When the internal combustion engine starts up, the inner rotor is
adjusted toward a "retarded" position by a dragging moment of the
camshaft until the first locking pin reaches the central position.
At this time point, the second locking pin also reaches the "locked
position." After the engine starts successfully, the regulator
increases the oil pressure in a first oil pressure line, a first
working chamber, and in the region of the first locking pin. In
this way, the first locking pin is unlocked, while the second
locking pin is kept in pressurized contact with the second central
stop. For a transition to a regulated operation, the regulator
increases the pressure in the second working chamber, by which the
second locking pin is also unlocked, so that the inner rotor can
move freely. A corresponding locking device is also known from U.S.
Pat. No. 6,450,137 B2.
[0006] From DE 199 18 910 A1, a locking mechanism is known, which
has two locking pins that can be activated in the radial adjustment
direction.
[0007] From the unpublished patent application of the applicant
with the internal filing number of the applicant E 2004 255 with
the title "Locking mechanism for a camshaft adjuster of an internal
combustion engine," it is known to carry out locking in an end
position of the camshaft adjuster with two locking pins, which
feature different peripheral clearances and which are pressurized
by different chambers of the camshaft adjuster.
SUMMARY
[0008] The invention is based on the objective of providing a
locking mechanism, which guarantees
[0009] secure locking when the internal combustion engine is turned
off,
[0010] secure unlocking according to needs,
[0011] reliable prevention of undesired, premature unlocking,
and/or
[0012] an advantageous locking position for restart of the internal
combustion engine.
[0013] According to the invention, the objective is met by the
features of the independent claims 1 and 3. Additional
configurations of the invention emerge from accordingly preferred
configurations according to the dependent claims 2, as well as 4
and 5.
[0014] According to the invention, the camshaft adjuster is locked
through selective locking in the region of an "advanced" end
position and a "retarded" end position. Such end-position locking
has the advantage compared with central locking that by the end
position, the camshaft adjuster is already fixed in one direction,
so that the locking element active in the end position must block
or lock only the adjustment in one adjustment direction. On the
other hand, it has been shown that in selected operating
situations, under some circumstances, restarting the internal
combustion engine from the end positions is more advantageous than
restarting from a "central position," for example, for use of the
internal combustion engine in a hybrid drive.
[0015] The adjustment angle can be influenced in connection with
the generation of a locking position in various (alternative or
cumulative) ways: [0016] a) Before the internal combustion engine
is turned off, through suitable pressurization of the chambers of
the camshaft adjuster, a targeted adjustment of the camshaft
adjuster for preparing the locking can be generated. For example,
the internal combustion engine can be turned off selectively in an
"advanced" end position or in a "retarded" end position. [0017]

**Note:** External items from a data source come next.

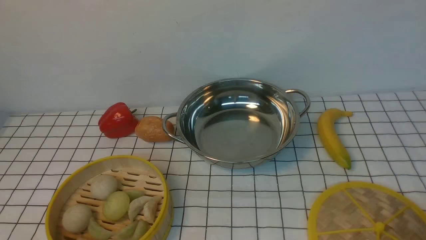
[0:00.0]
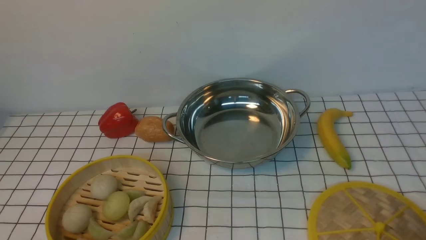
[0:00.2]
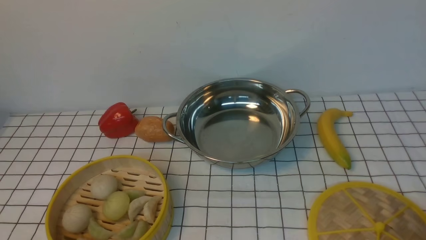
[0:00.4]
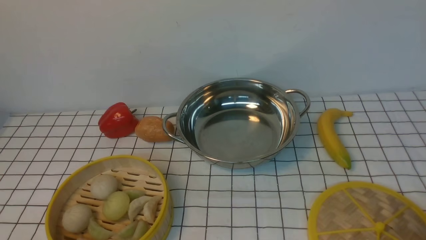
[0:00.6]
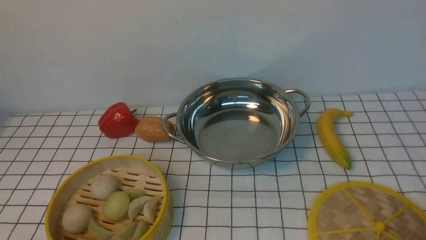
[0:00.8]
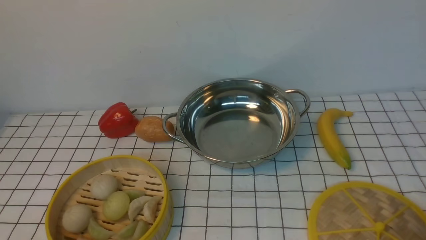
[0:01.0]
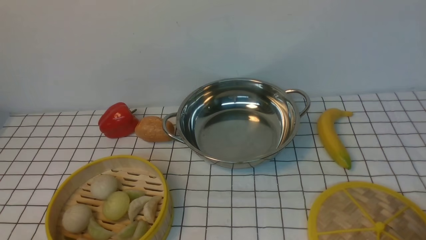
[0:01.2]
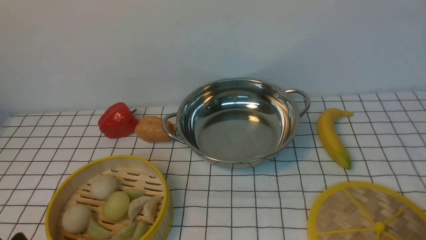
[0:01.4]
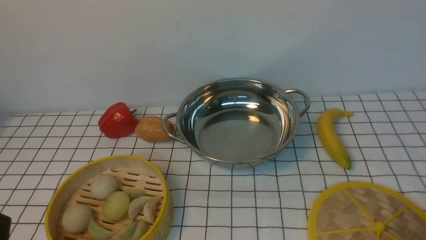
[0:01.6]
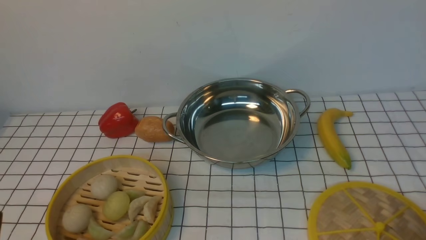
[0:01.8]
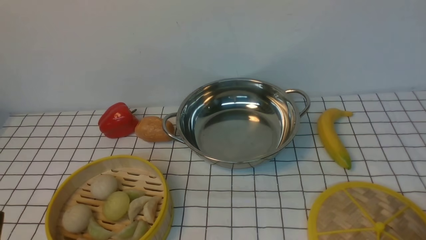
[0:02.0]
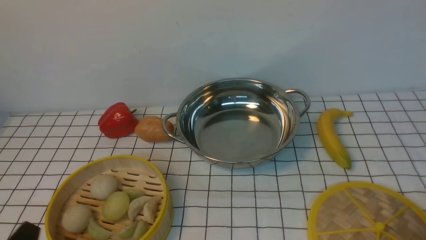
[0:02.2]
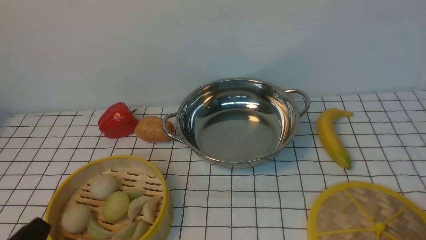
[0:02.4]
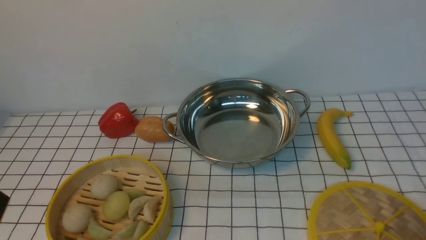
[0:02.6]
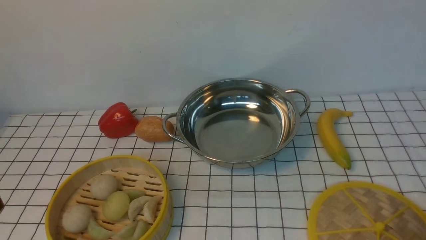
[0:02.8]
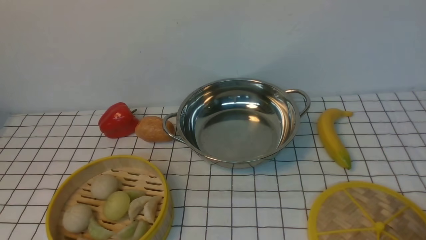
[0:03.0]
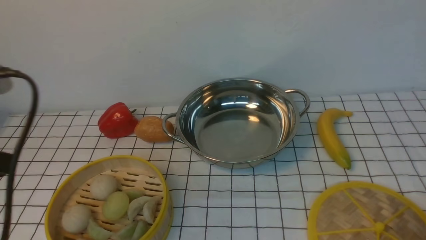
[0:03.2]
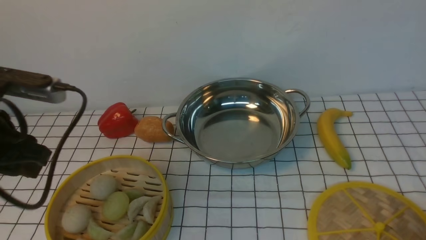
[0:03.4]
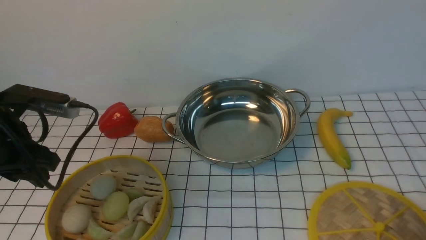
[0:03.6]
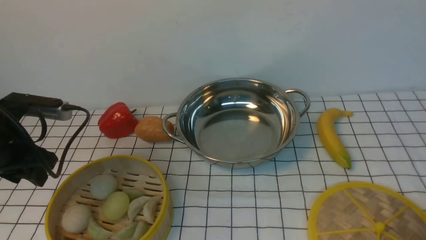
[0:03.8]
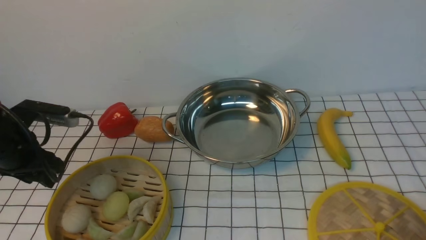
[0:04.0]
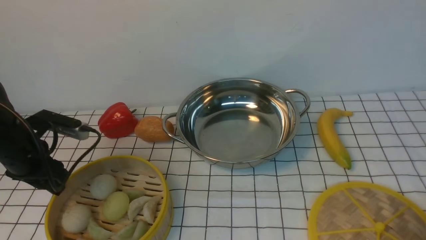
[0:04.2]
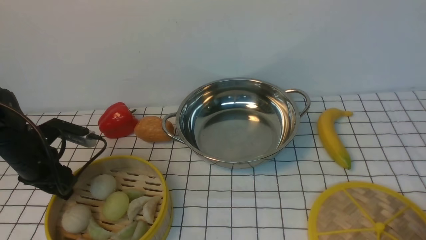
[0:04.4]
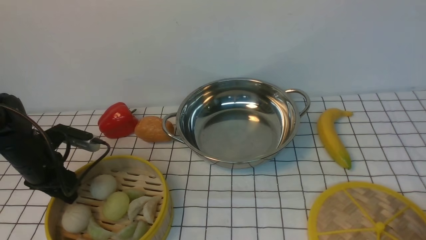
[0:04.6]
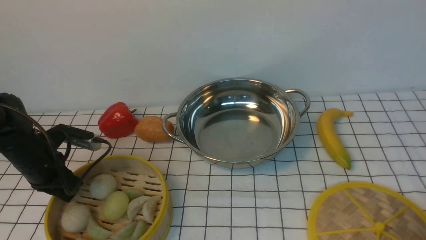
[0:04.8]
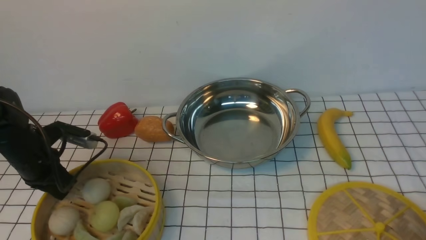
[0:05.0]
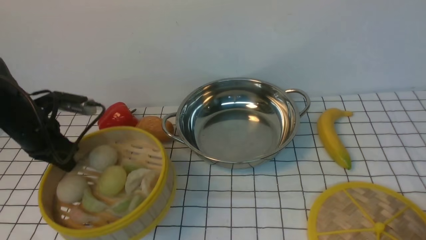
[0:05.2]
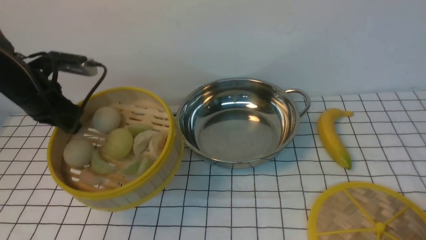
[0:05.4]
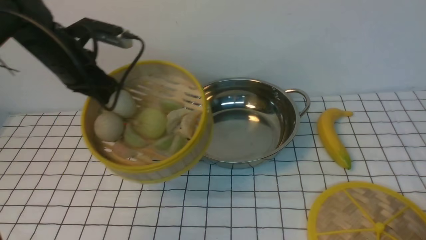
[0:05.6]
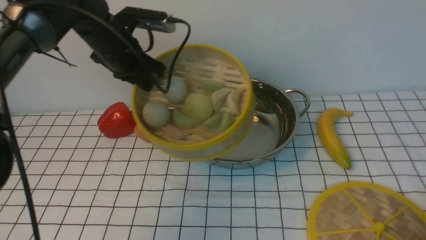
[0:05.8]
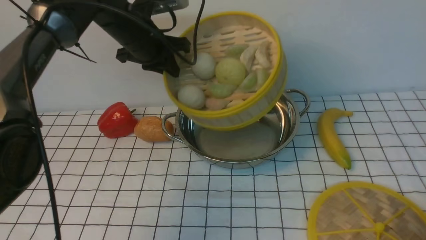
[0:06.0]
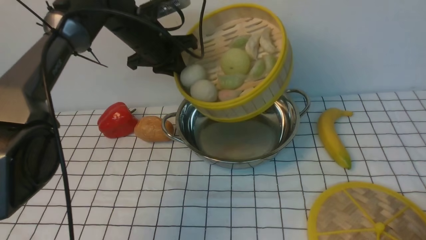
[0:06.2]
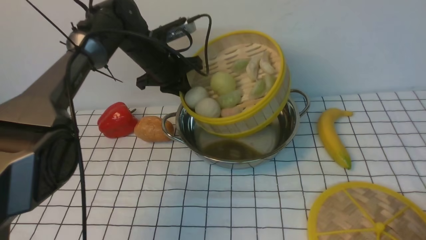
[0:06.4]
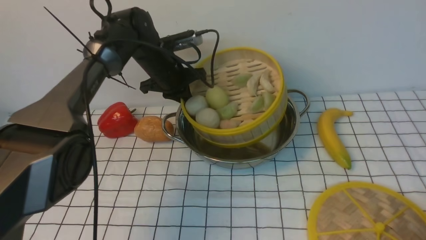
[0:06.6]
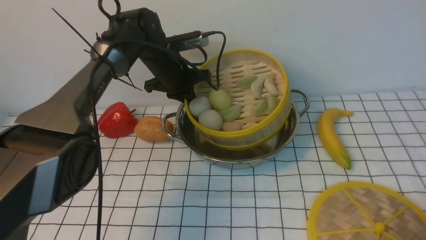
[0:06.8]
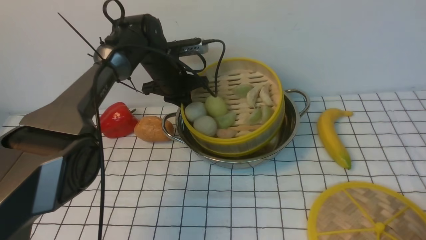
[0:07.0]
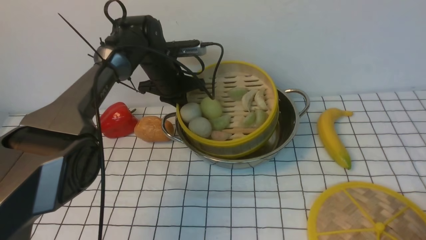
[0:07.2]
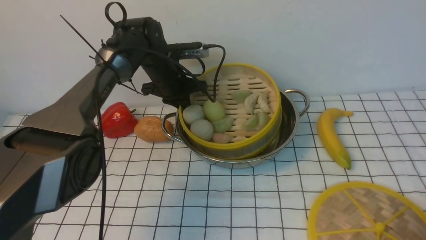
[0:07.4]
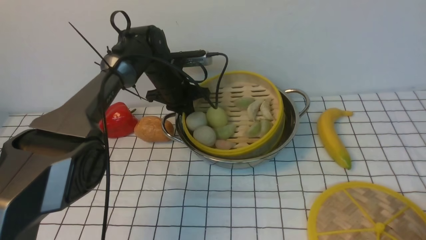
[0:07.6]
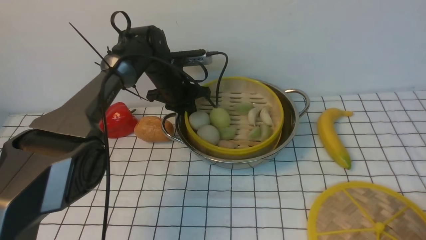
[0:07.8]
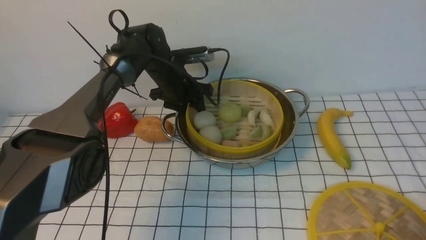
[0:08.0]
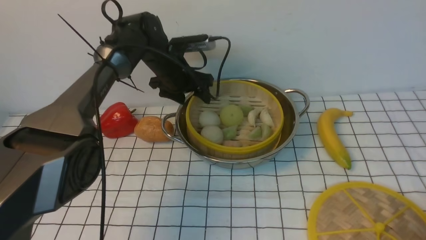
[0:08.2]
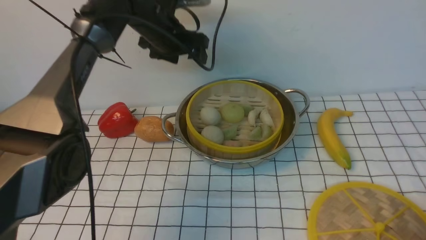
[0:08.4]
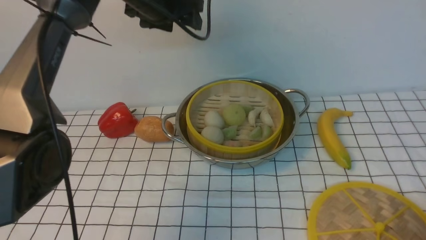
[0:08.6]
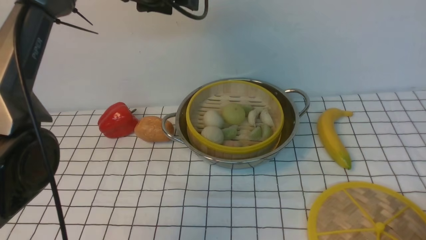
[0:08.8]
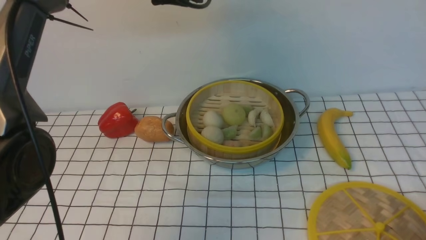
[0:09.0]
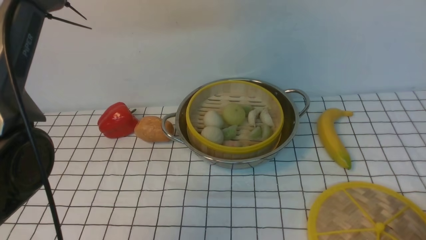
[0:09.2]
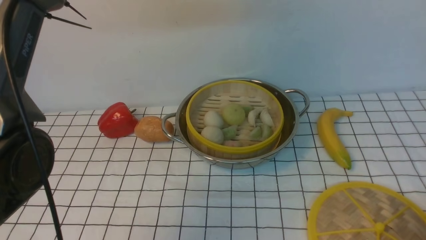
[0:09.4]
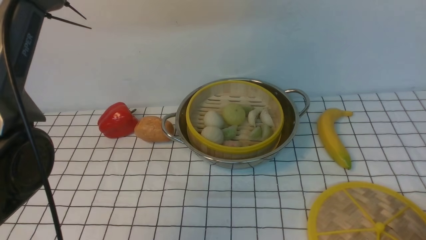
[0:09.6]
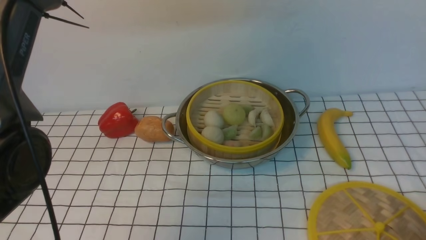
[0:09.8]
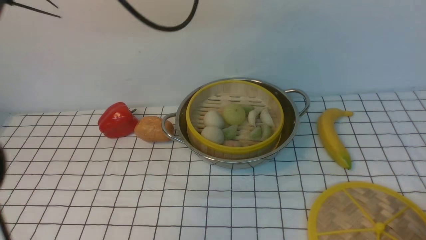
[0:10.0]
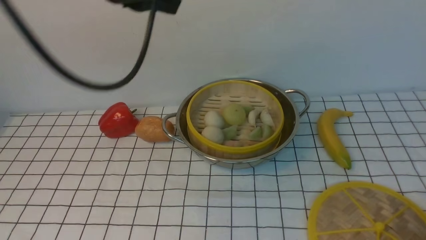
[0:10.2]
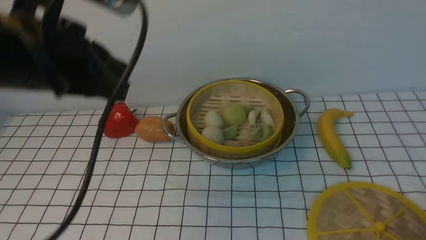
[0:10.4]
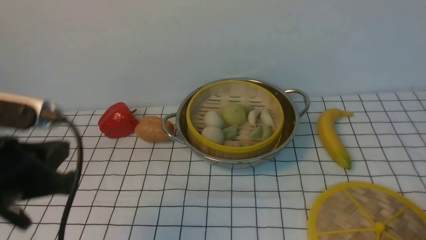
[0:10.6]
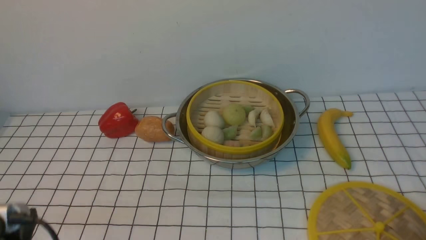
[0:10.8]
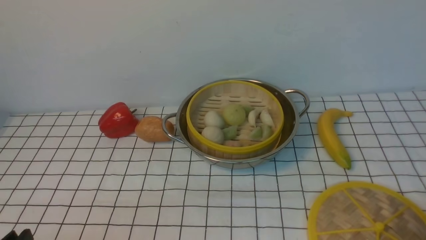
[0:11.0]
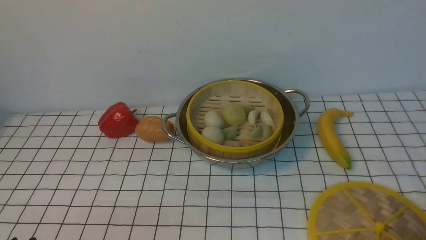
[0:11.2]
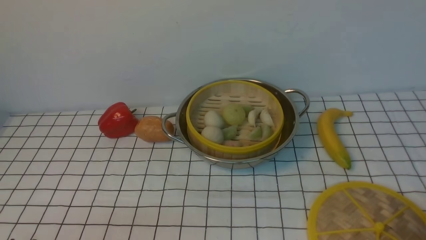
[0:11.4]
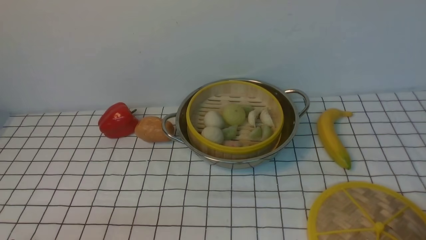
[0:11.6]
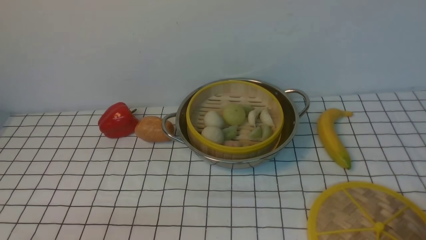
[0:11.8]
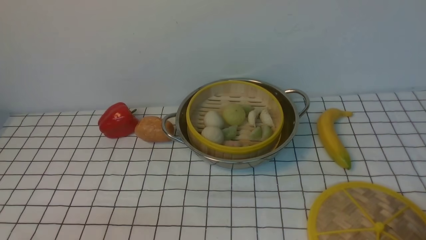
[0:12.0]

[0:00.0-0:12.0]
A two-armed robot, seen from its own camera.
Task of the whole recording: place the steamer in the pot on the white tablecloth, and put the lid on the steamer.
Step, 0:00.0 to 0:05.2: use the left arm to lift the steamer closest to it.
Step, 0:05.4 to 0:08.2: use the left arm to put the steamer into the iron steamer pot in the middle.
0:03.0 to 0:04.4: The left gripper travels forward and downward by approximately 30 cm.
0:04.4 to 0:06.0: The left gripper shifts roughly 25 cm to the right, forward and upward, and closes up.
0:06.0 to 0:07.6: The left gripper is displaced downward by some 10 cm.
0:07.6 to 0:09.0: The left gripper is displaced upward by about 20 cm, and opens, then closes once more.
0:09.0 to 0:10.4: The left gripper is displaced backward and to the left by roughly 25 cm.
0:10.4 to 0:12.0: The left gripper shifts some 25 cm downward and backward, and opens its fingers.

Here, for the selection of the controlled end position, the future
expected operation and thus a prediction on whether the internal
combustion engine should then be operated with advanced or retarded
opening and closing times could then be taken into account. In this
connection, a "predictor method" can be used, by which a prediction
is to be made on which locking could be advantageous in a future
operating state. For example, a discrimination or estimation can be
performed, also for a hybrid drive, to the extent whether the
internal combustion engine has been turned off only for a short
time period or for a start-stop operation or if turning off the
internal combustion engine for a longer time is desired. Such a
predictor method could consist in that only, for example, a
rotational speed of a vehicle wheel is monitored together with the
occurrence of a coasting mode, from which a discrimination can be
made for an approach of the motor vehicle to an intersection on one
hand and a parking sequence on the other hand. [0018] b)
Furthermore, a separate adjustment device can be provided, which
brings the camshaft adjuster along or into a desired position in
the region of an end position after the internal combustion engine
has been turned off. [0019] c) A change in the position of the
camshaft adjuster can be produced through vibrations or pulses, for
which the rotor can be moved relative to the stator in both
adjustment directions. For example, it can involve pulses for the
pressurization of the chambers, vibrations due to the operation of
the camshaft, or the like. [0020] d) Likewise, with the first phase
of the restart of the internal combustion engine, an adjustment in
the direction of the locking position can occur, for which at least
one of the chambers is pressurized with a low operating pressure
far below the operating pressure, which can correlate to a gradual
approach to a locking position. [0021] e) When the internal
combustion engine is started, friction moments act on the camshaft.
Due to these mentioned friction moments, when the camshaft adjuster
is driven, the camshaft lags behind, so that the camshaft adjuster
can be adjusted automatically in the "retarded" direction.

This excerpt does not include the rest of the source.